◆ WORK REQUEST
Write every line of the material again exactly, with no pictures in the copy.

◆ AVAILABLE DATA
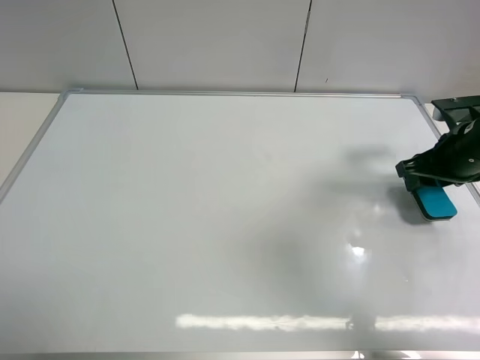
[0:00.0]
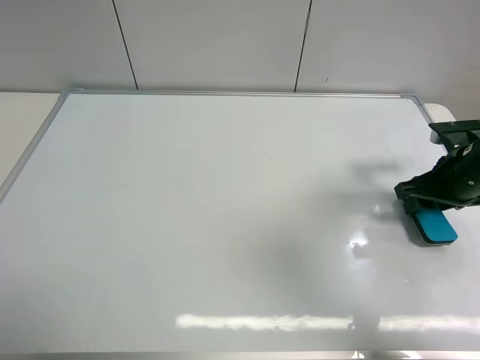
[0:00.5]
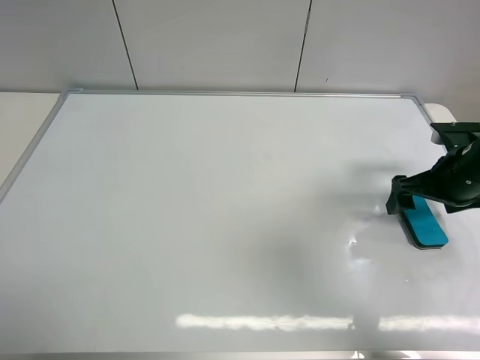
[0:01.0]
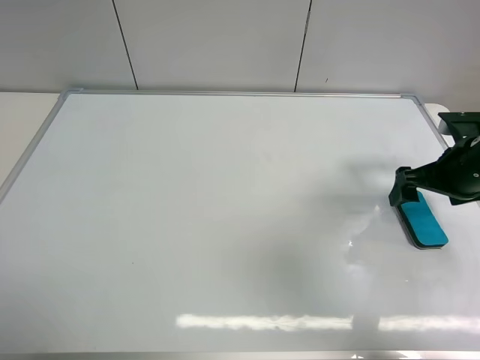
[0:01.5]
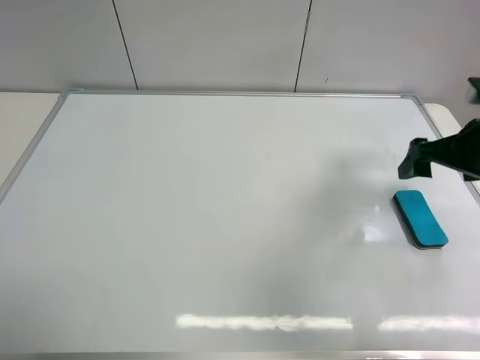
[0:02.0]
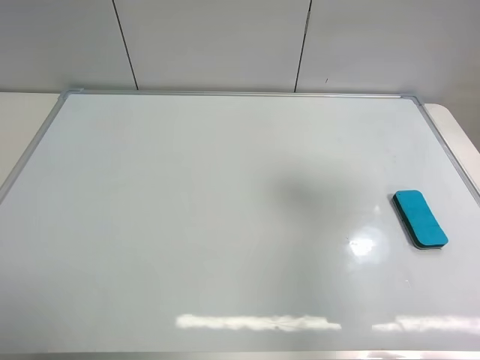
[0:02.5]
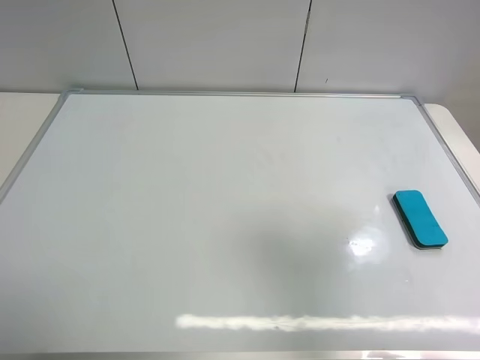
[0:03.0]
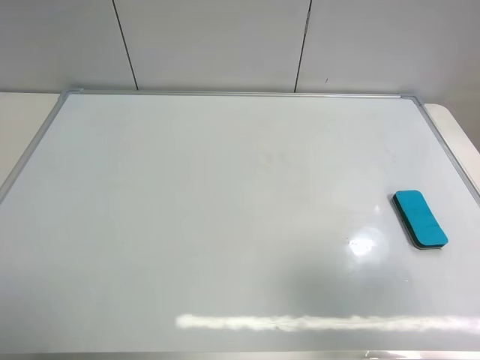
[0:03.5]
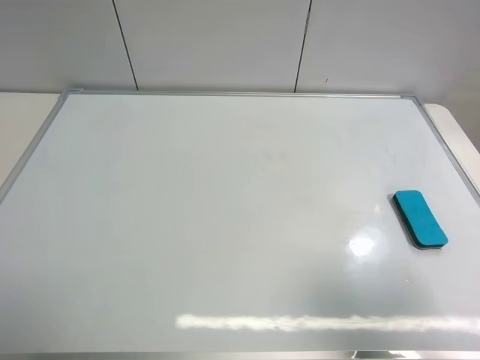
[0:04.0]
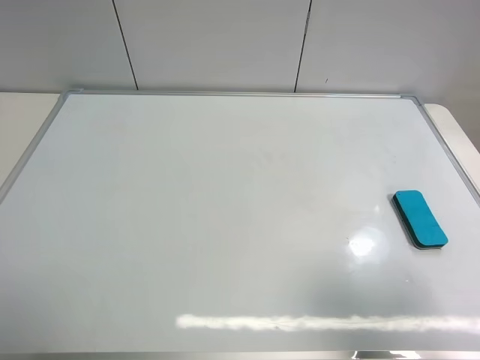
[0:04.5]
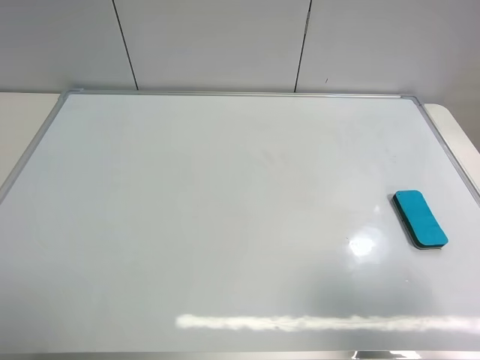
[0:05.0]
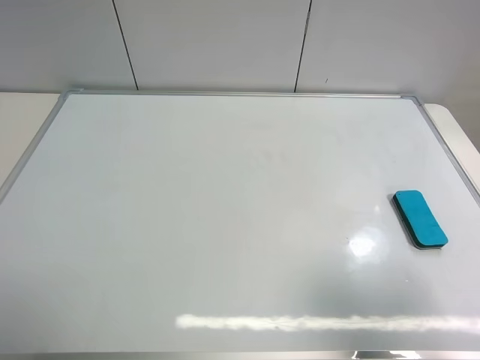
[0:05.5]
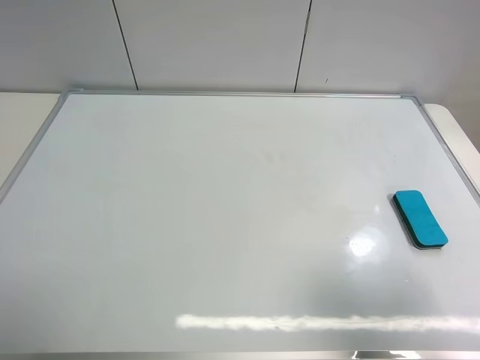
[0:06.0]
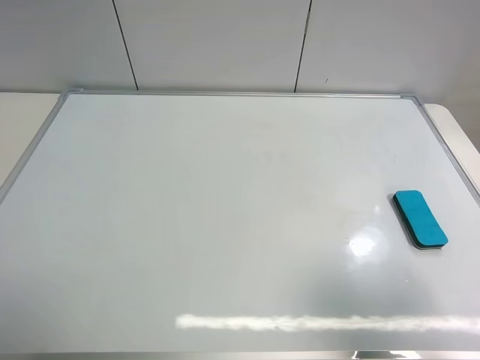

◆ SOLVED PROBLEM
[0:00.0]
[0:00.5]
[0:01.0]
[0:01.5]
[0:02.0]
[0:02.5]
[0:03.0]
[0:03.5]
[0:04.0]
[0:04.5]
[0:05.0]
[0:05.5]
[0:06.0]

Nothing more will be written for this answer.